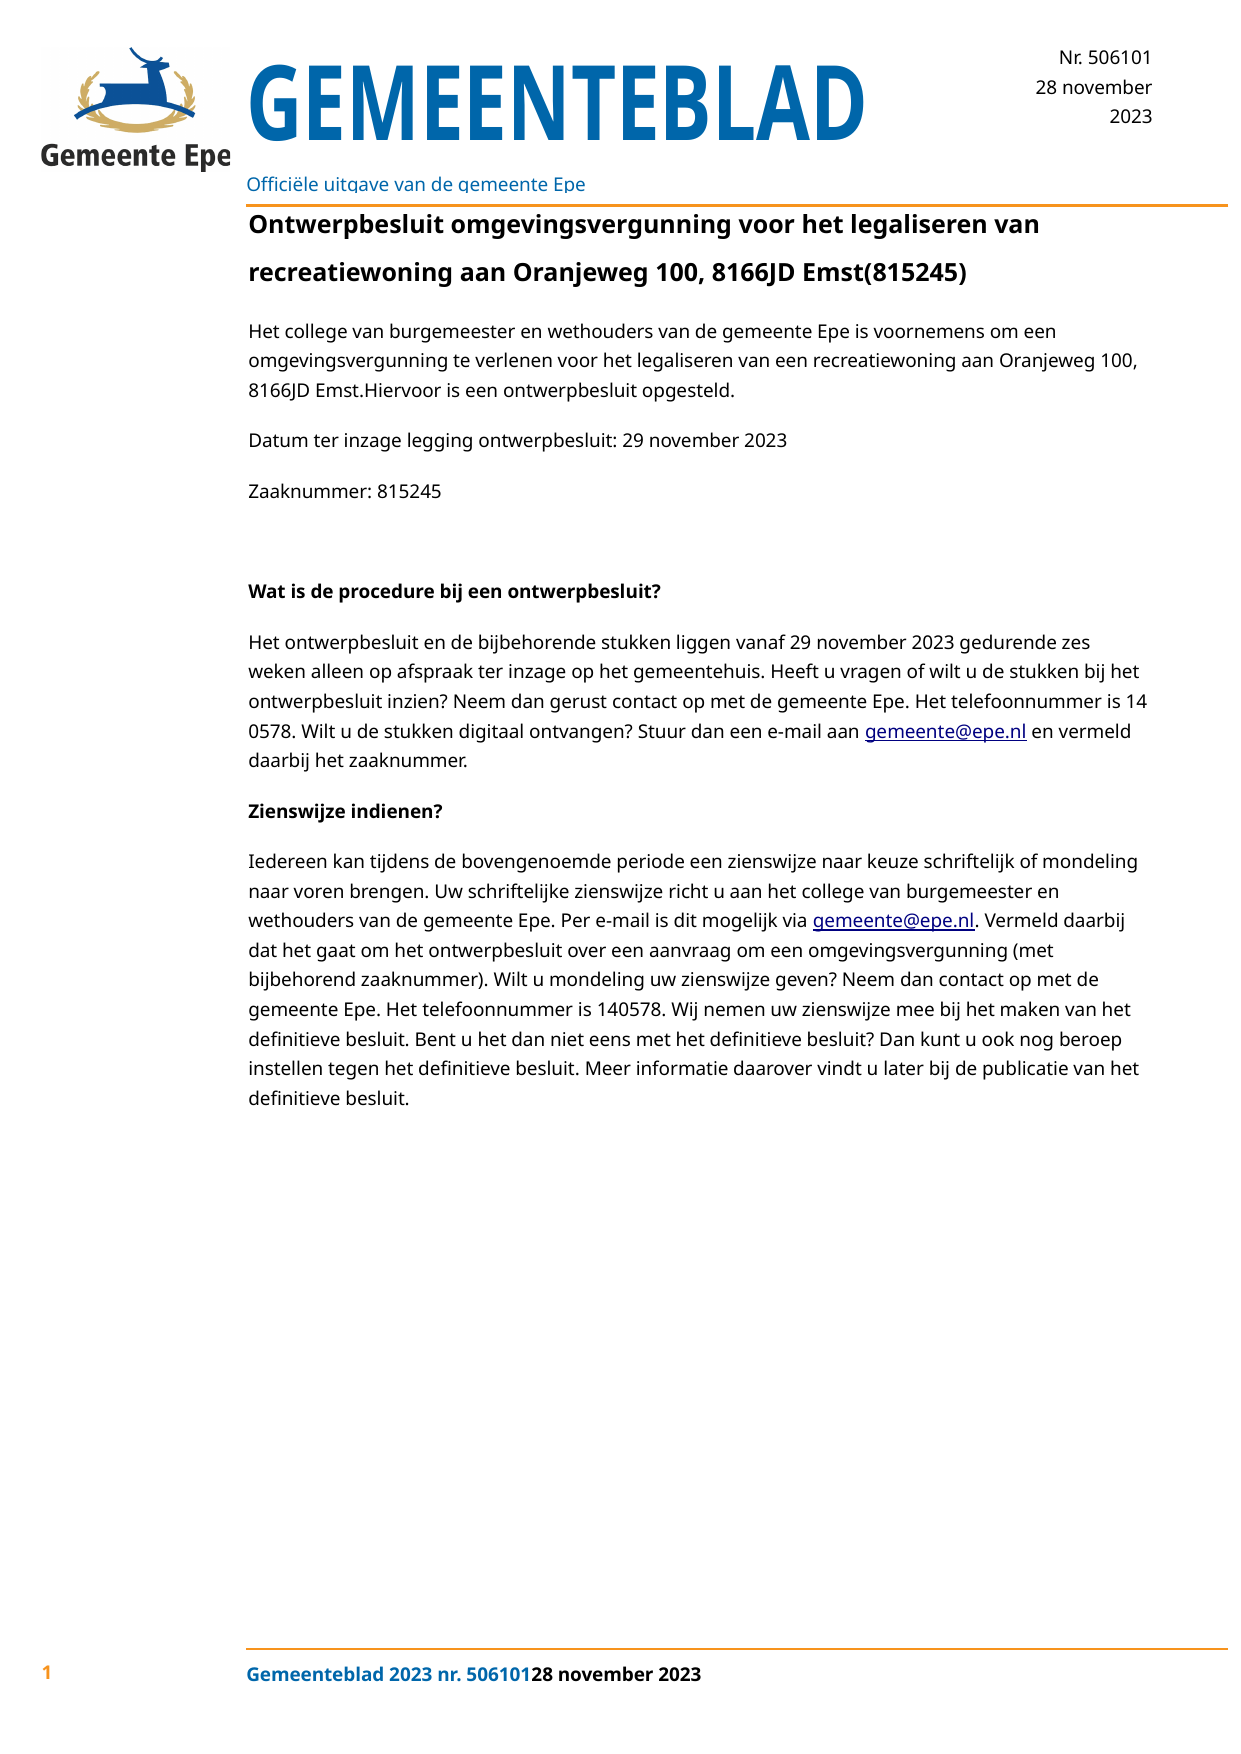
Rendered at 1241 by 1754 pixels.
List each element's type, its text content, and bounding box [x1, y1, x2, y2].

text Ontwerpbesluit omgevingsvergunning voor het legaliseren van recreatiewoning aan Oranjeweg 100, 8166JD Emst(815245) [248, 207, 1152, 288]
text Wat is de procedure bij een ontwerpbesluit? [248, 579, 1152, 604]
text Zienswijze indienen? [248, 798, 1152, 824]
text Datum ter inzage legging ontwerpbesluit: 29 november 2023 [248, 427, 1152, 453]
text Het college van burgemeester en wethouders van de gemeente Epe is voornemens om een omgevingsvergunning te verlenen voor het legaliseren van een recreatiewoning aan Oranjeweg 100, 8166JD Emst.Hiervoor is een ontwerpbesluit opgesteld. [248, 318, 1152, 403]
text Iedereen kan tijdens de bovengenoemde periode een zienswijze naar keuze schriftelijk of mondeling naar voren brengen. Uw schriftelijke zienswijze richt u aan het college van burgemeester en wethouders van de gemeente Epe. Per e-mail is dit mogelijk via gemeente@epe.nl. Vermeld daarbij dat het gaat om het ontwerpbesluit over een aanvraag om een omgevingsvergunning (met bijbehorend zaaknummer). Wilt u mondeling uw zienswijze geven? Neem dan contact op met de gemeente Epe. Het telefoonnummer is 140578. Wij nemen uw zienswijze mee bij het maken van het definitieve besluit. Bent u het dan niet eens met het definitieve besluit? Dan kunt u ook nog beroep instellen tegen het definitieve besluit. Meer informatie daarover vindt u later bij de publicatie van het definitieve besluit. [248, 848, 1152, 1111]
text Het ontwerpbesluit en de bijbehorende stukken liggen vanaf 29 november 2023 gedurende zes weken alleen op afspraak ter inzage op het gemeentehuis. Heeft u vragen of wilt u de stukken bij het ontwerpbesluit inzien? Neem dan gerust contact op met de gemeente Epe. Het telefoonnummer is 14 0578. Wilt u de stukken digitaal ontvangen? Stuur dan een e-mail aan gemeente@epe.nl en vermeld daarbij het zaaknummer. [248, 629, 1152, 773]
picture [41, 47, 231, 172]
text Zaaknummer: 815245 [248, 478, 1152, 504]

-- Problem description --
Write out again, exactly, only the lines from the beginning of the material above to the line that holds "text Datum ter", both ends included, and no pictures.

-- Output --
Rendered at 1241 by 1754 pixels.
List each element's type, its text content, and bounding box [x1, y1, x2, y2].

text Ontwerpbesluit omgevingsvergunning voor het legaliseren van recreatiewoning aan Oranjeweg 100, 8166JD Emst(815245) [248, 207, 1152, 288]
text Wat is de procedure bij een ontwerpbesluit? [248, 579, 1152, 604]
text Zienswijze indienen? [248, 798, 1152, 824]
text Datum ter inzage legging ontwerpbesluit: 29 november 2023 [248, 427, 1152, 453]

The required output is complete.